↓

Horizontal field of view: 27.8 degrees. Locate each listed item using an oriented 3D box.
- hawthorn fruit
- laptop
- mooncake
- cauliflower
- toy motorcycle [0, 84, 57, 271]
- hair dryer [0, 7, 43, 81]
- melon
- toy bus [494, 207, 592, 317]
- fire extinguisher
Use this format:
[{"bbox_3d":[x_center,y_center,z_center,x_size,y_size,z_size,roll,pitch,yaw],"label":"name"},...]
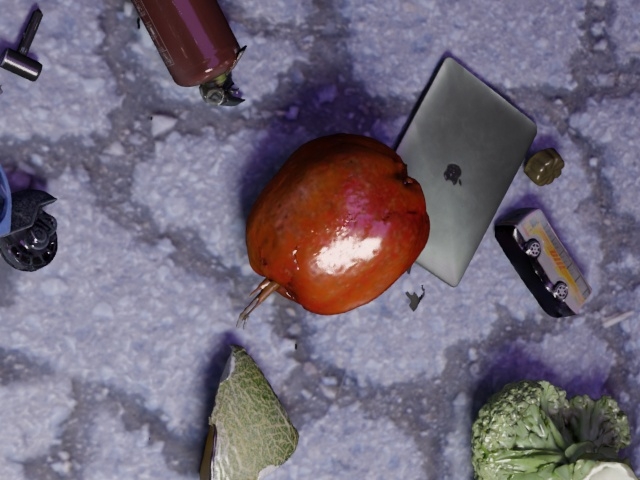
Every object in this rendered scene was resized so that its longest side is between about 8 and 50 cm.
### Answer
[{"bbox_3d":[0.000,0.000,1.603,0.299,0.211,0.211,-42,110,-7],"label":"hawthorn fruit"},{"bbox_3d":[0.179,-0.092,1.781,0.188,0.015,0.269,33,79,-25],"label":"laptop"},{"bbox_3d":[0.213,-0.026,1.751,0.347,0.057,0.150,-50,144,-17],"label":"mooncake"},{"bbox_3d":[0.341,0.330,1.758,0.275,0.250,0.272,5,89,-22],"label":"cauliflower"},{"bbox_3d":[-0.433,-0.035,1.387,0.358,0.125,0.212,-23,94,-51],"label":"toy motorcycle"},{"bbox_3d":[-0.341,-0.232,1.514,0.047,0.026,0.083,24,75,-28],"label":"hair dryer"},{"bbox_3d":[-0.091,0.237,1.630,0.139,0.093,0.202,13,79,-24],"label":"melon"},{"bbox_3d":[0.317,0.030,1.835,0.072,0.057,0.172,-44,111,-23],"label":"toy bus"},{"bbox_3d":[-0.165,-0.273,1.561,0.105,0.105,0.269,-34,107,-20],"label":"fire extinguisher"}]
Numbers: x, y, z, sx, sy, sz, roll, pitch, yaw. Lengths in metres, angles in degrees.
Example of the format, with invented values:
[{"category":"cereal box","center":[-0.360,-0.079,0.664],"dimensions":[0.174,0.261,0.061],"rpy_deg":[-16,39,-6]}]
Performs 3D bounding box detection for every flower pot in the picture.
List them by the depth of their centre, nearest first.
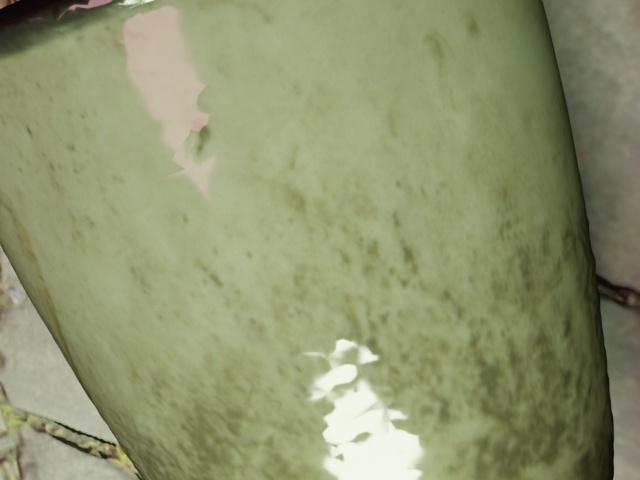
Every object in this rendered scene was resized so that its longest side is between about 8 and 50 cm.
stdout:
[{"category":"flower pot","center":[0.000,0.000,0.614],"dimensions":[0.294,0.293,0.330],"rpy_deg":[-12,109,29]}]
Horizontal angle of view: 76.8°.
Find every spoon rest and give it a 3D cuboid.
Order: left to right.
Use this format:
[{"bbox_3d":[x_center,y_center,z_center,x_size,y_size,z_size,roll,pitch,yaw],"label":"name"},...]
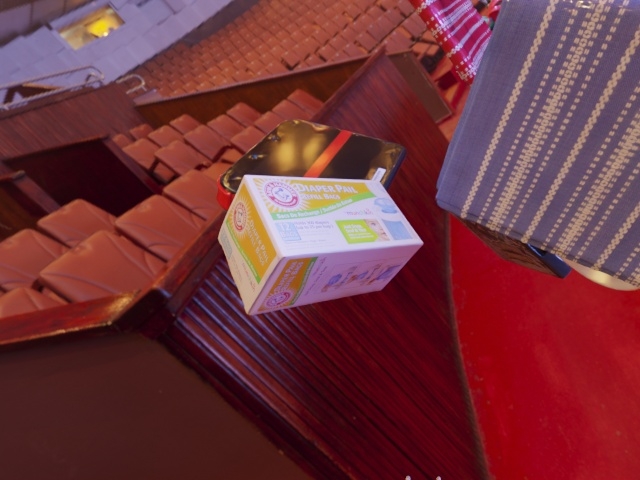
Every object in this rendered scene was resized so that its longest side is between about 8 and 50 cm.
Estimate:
[{"bbox_3d":[0.451,-0.009,0.729,0.084,0.276,0.137,-39,-23,-14],"label":"spoon rest"}]

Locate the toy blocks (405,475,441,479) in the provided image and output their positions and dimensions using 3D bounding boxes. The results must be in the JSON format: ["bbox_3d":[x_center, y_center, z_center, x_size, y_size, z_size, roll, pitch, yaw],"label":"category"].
[{"bbox_3d":[0.204,0.407,0.610,0.147,0.054,0.123,-5,-4,14],"label":"toy blocks"}]

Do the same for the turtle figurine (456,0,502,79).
[{"bbox_3d":[0.357,-0.385,0.793,0.176,0.233,0.118,-68,23,15],"label":"turtle figurine"}]

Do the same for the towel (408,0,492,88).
[{"bbox_3d":[0.219,-0.236,0.531,0.031,0.275,0.199,-32,12,42],"label":"towel"}]

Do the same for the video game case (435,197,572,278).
[{"bbox_3d":[0.403,-0.025,0.936,0.035,0.248,0.275,-49,4,5],"label":"video game case"}]

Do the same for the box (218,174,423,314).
[{"bbox_3d":[0.000,0.000,0.478,0.203,0.114,0.103,-5,-37,-38],"label":"box"}]

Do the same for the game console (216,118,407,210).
[{"bbox_3d":[-0.010,-0.154,0.919,0.387,0.341,0.060,-58,-19,-44],"label":"game console"}]

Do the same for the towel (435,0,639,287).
[{"bbox_3d":[0.294,-0.080,0.378,0.040,0.335,0.244,-36,-34,-47],"label":"towel"}]

↑

TASK BRIEF: The response should contain every record above exactly as written, and none of the pictures.

SOLUTION TO THE PROBLEM:
Horizontal field of view: 27.8 degrees. Locate each listed item using an oriented 3D box.
- hawthorn fruit
- laptop
- mooncake
- cauliflower
- toy motorcycle [0, 84, 57, 271]
- hair dryer [0, 7, 43, 81]
- melon
- toy bus [494, 207, 592, 317]
- fire extinguisher
Use this format:
[{"bbox_3d":[x_center,y_center,z_center,x_size,y_size,z_size,roll,pitch,yaw],"label":"name"},...]
Every object in this rendered scene was resized so that its longest side is between about 8 and 50 cm.
### Answer
[{"bbox_3d":[0.000,0.000,1.603,0.299,0.211,0.211,-42,110,-7],"label":"hawthorn fruit"},{"bbox_3d":[0.179,-0.092,1.781,0.188,0.015,0.269,33,79,-25],"label":"laptop"},{"bbox_3d":[0.213,-0.026,1.751,0.347,0.057,0.150,-50,144,-17],"label":"mooncake"},{"bbox_3d":[0.341,0.330,1.758,0.275,0.250,0.272,5,89,-22],"label":"cauliflower"},{"bbox_3d":[-0.433,-0.035,1.387,0.358,0.125,0.212,-23,94,-51],"label":"toy motorcycle"},{"bbox_3d":[-0.341,-0.232,1.514,0.047,0.026,0.083,24,75,-28],"label":"hair dryer"},{"bbox_3d":[-0.091,0.237,1.630,0.139,0.093,0.202,13,79,-24],"label":"melon"},{"bbox_3d":[0.317,0.030,1.835,0.072,0.057,0.172,-44,111,-23],"label":"toy bus"},{"bbox_3d":[-0.165,-0.273,1.561,0.105,0.105,0.269,-34,107,-20],"label":"fire extinguisher"}]
Numbers: x, y, z, sx, sy, sz, roll, pitch, yaw. Lengths in metres, angles in degrees.
Example of the format, with invented values:
[{"category":"cereal box","center":[-0.360,-0.079,0.664],"dimensions":[0.174,0.261,0.061],"rpy_deg":[-16,39,-6]}]
Performs 3D bounding box detection for every flower pot in the picture.
List them by the depth of their centre, nearest first.
Every object in this rendered scene was resized so that its longest side is between about 8 and 50 cm.
stdout:
[{"category":"flower pot","center":[0.000,0.000,0.614],"dimensions":[0.294,0.293,0.330],"rpy_deg":[-12,109,29]}]
Horizontal angle of view: 76.8°.
Find every spoon rest and give it a 3D cuboid.
Order: left to right.
Use this format:
[{"bbox_3d":[x_center,y_center,z_center,x_size,y_size,z_size,roll,pitch,yaw],"label":"name"},...]
Every object in this rendered scene was resized so that its longest side is between about 8 and 50 cm.
Estimate:
[{"bbox_3d":[0.451,-0.009,0.729,0.084,0.276,0.137,-39,-23,-14],"label":"spoon rest"}]

Locate the toy blocks (405,475,441,479) in the provided image and output their positions and dimensions using 3D bounding boxes. The results must be in the JSON format: ["bbox_3d":[x_center, y_center, z_center, x_size, y_size, z_size, roll, pitch, yaw],"label":"category"].
[{"bbox_3d":[0.204,0.407,0.610,0.147,0.054,0.123,-5,-4,14],"label":"toy blocks"}]

Do the same for the turtle figurine (456,0,502,79).
[{"bbox_3d":[0.357,-0.385,0.793,0.176,0.233,0.118,-68,23,15],"label":"turtle figurine"}]

Do the same for the towel (408,0,492,88).
[{"bbox_3d":[0.219,-0.236,0.531,0.031,0.275,0.199,-32,12,42],"label":"towel"}]

Do the same for the video game case (435,197,572,278).
[{"bbox_3d":[0.403,-0.025,0.936,0.035,0.248,0.275,-49,4,5],"label":"video game case"}]

Do the same for the box (218,174,423,314).
[{"bbox_3d":[0.000,0.000,0.478,0.203,0.114,0.103,-5,-37,-38],"label":"box"}]

Do the same for the game console (216,118,407,210).
[{"bbox_3d":[-0.010,-0.154,0.919,0.387,0.341,0.060,-58,-19,-44],"label":"game console"}]

Do the same for the towel (435,0,639,287).
[{"bbox_3d":[0.294,-0.080,0.378,0.040,0.335,0.244,-36,-34,-47],"label":"towel"}]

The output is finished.